• [DESCRIPTION OF THE TASK]:
Among the entries below, find the line with "extent: [0.309, 0.206, 0.241]", then quote it and each following line up to and including the line with "- person [1517, 692, 1578, 811]", and nothing else.

Excerpts from a dataset
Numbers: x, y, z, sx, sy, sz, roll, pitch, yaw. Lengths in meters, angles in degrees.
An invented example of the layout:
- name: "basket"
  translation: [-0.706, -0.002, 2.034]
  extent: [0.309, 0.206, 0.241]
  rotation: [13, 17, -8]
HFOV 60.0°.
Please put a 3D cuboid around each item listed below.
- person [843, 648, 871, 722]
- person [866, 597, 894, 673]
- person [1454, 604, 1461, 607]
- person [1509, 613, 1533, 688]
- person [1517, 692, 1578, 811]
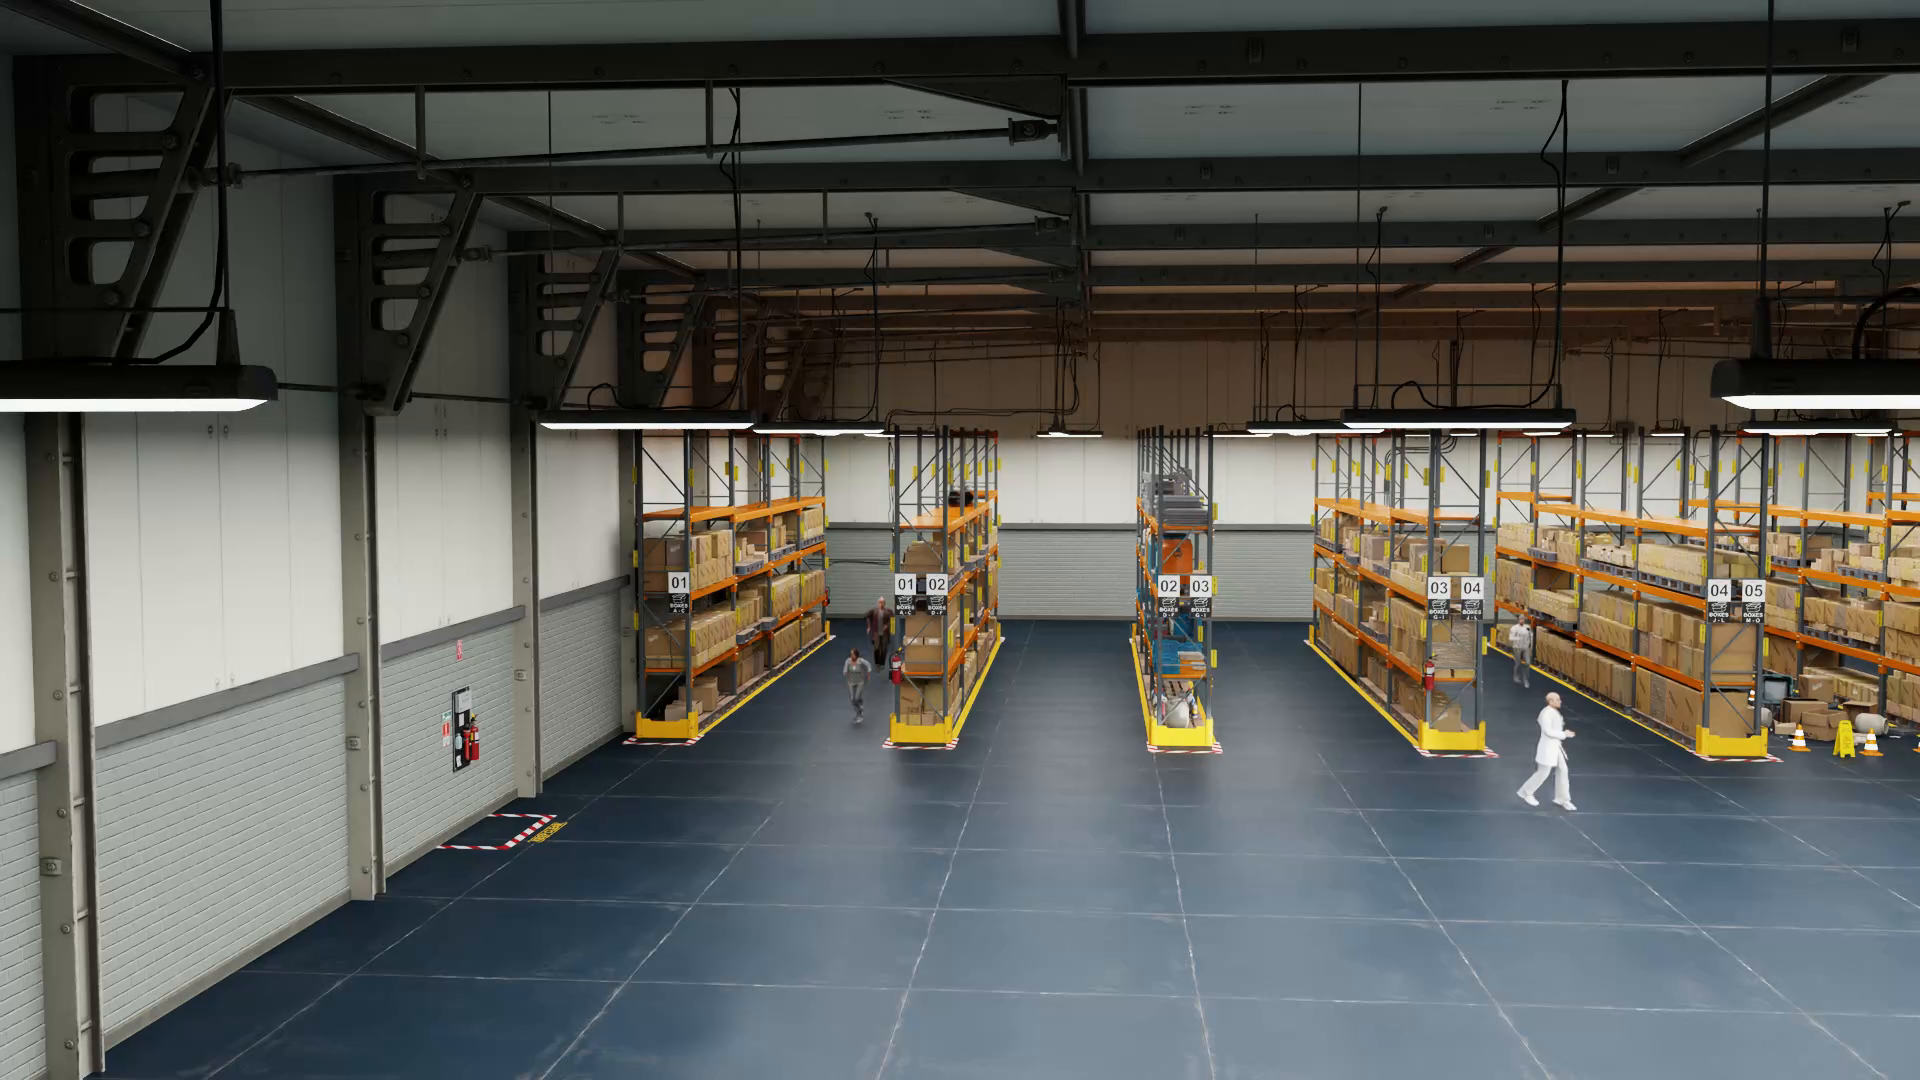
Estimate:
- name: "person"
  translation: [-2.102, 2.941, 33.619]
  extent: [0.517, 1.531, 0.640]
  rotation: [1, 4, 13]
- name: "person"
  translation: [-1.879, 2.255, 39.255]
  extent: [0.673, 1.803, 0.808]
  rotation: [0, 3, -3]
- name: "person"
  translation: [13.799, 2.091, 46.125]
  extent: [0.675, 1.761, 0.779]
  rotation: [2, 4, 24]
- name: "person"
  translation: [13.059, 2.560, 38.688]
  extent: [0.594, 1.753, 0.753]
  rotation: [0, 3, 6]
- name: "person"
  translation: [9.146, 3.279, 25.849]
  extent: [0.890, 1.842, 0.737]
  rotation: [2, 4, 33]
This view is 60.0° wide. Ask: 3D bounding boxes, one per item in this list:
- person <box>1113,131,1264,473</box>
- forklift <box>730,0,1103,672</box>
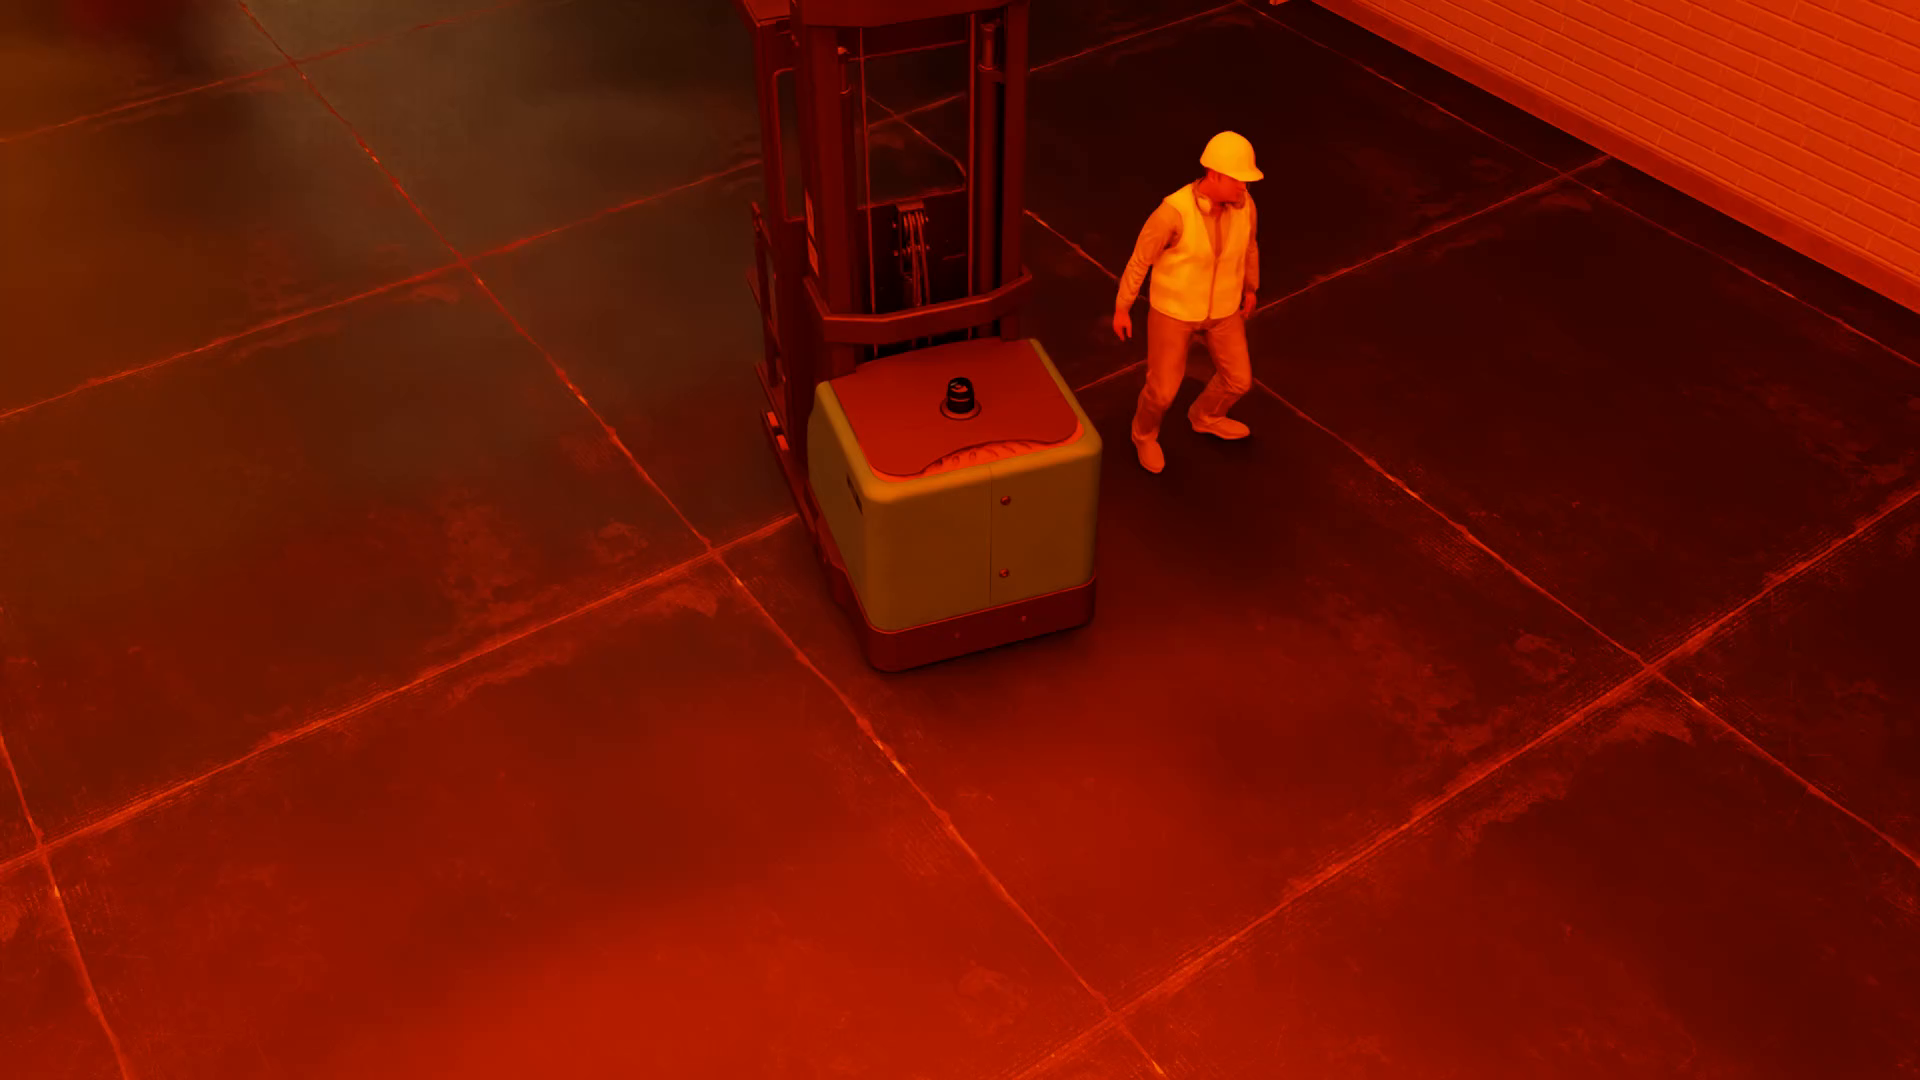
[{"bbox_3d":[1.082,-1.101,7.759,0.764,1.732,0.393,-11,44,-12],"label":"person"},{"bbox_3d":[-0.364,-1.523,7.368,1.130,2.935,3.031,-13,44,-14],"label":"forklift"}]
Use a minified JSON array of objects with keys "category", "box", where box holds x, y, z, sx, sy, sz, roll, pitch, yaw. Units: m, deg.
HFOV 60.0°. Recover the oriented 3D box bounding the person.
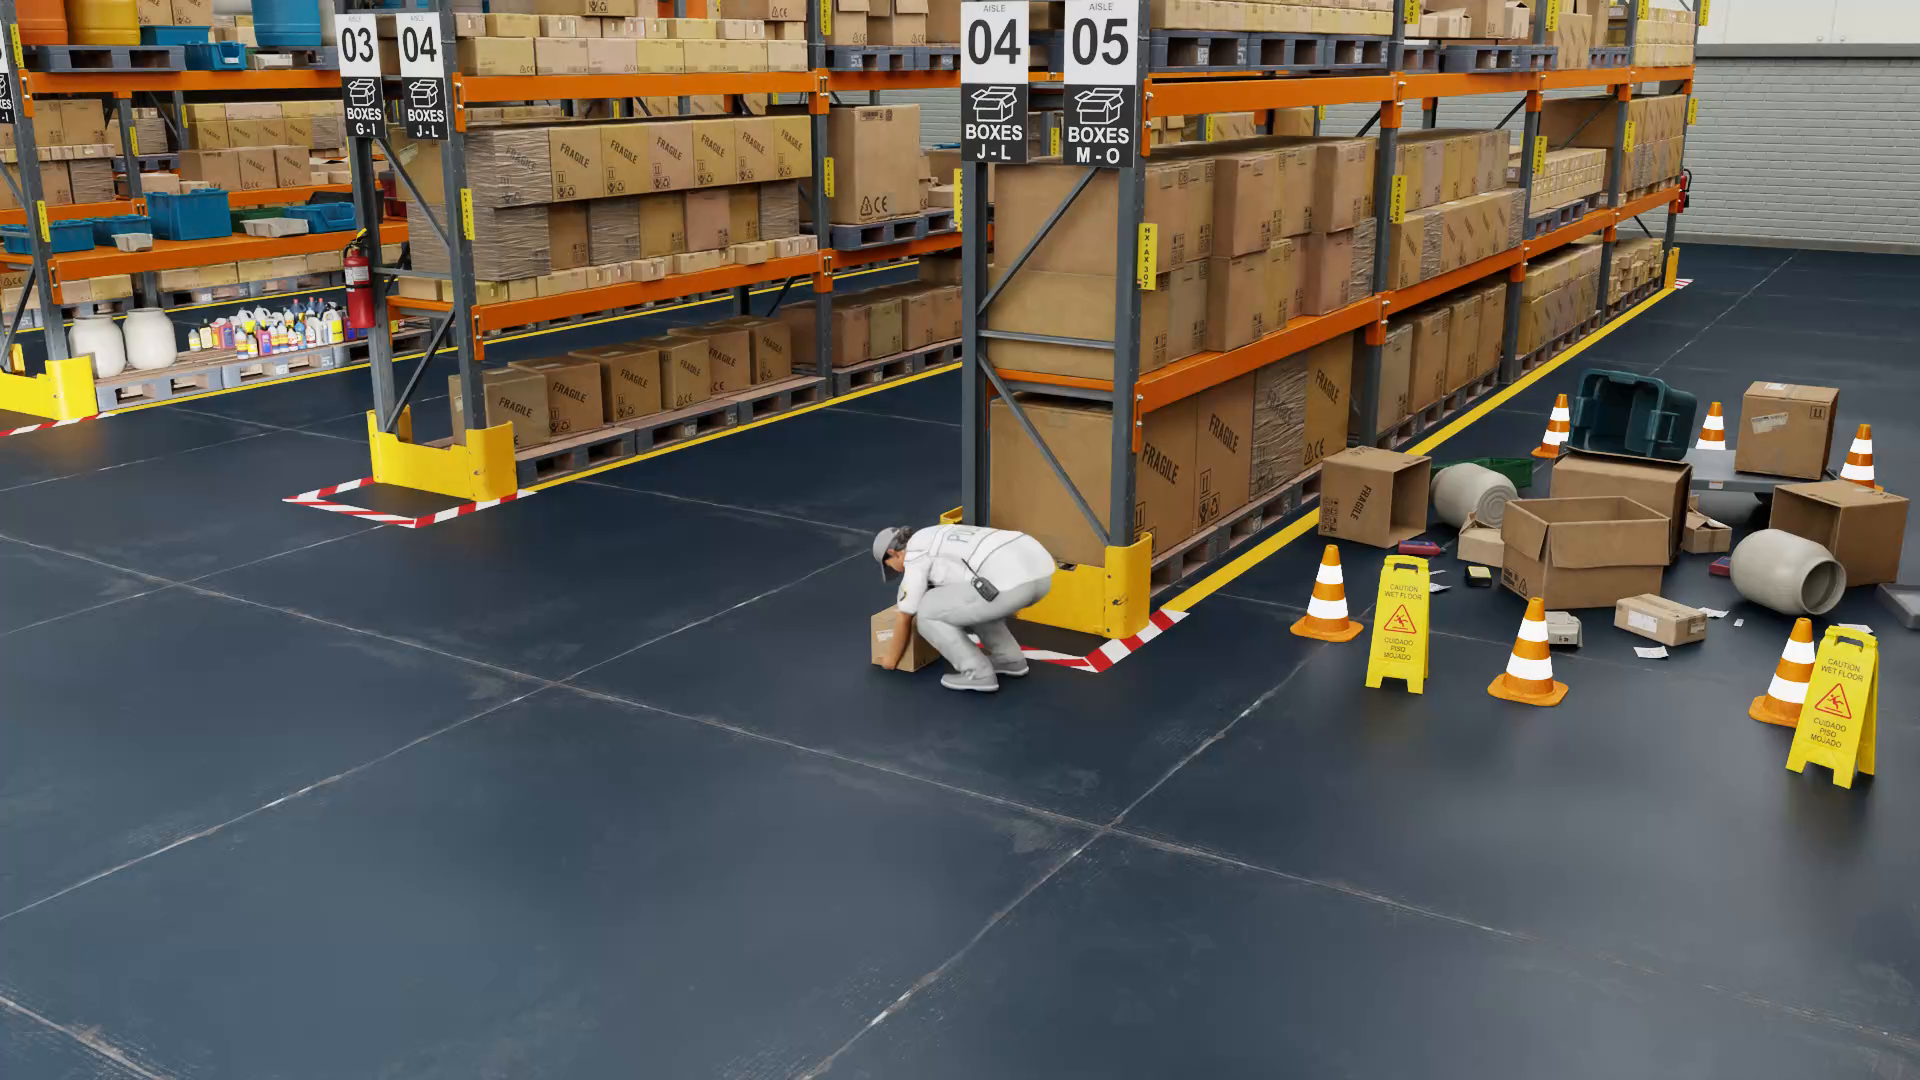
[{"category":"person","box":[-0.017,0.307,8.131,0.919,0.772,0.510,10,19,30]}]

• [YOUR RESPONSE]:
  extent: [0.309, 0.206, 0.241]
  rotation: [13, 17, -8]
HFOV 60.0°.
Please put a 3D cuboid around each item listed below.
- person [843, 648, 871, 722]
- person [866, 597, 894, 673]
- person [1454, 604, 1461, 607]
- person [1509, 613, 1533, 688]
- person [1517, 692, 1578, 811]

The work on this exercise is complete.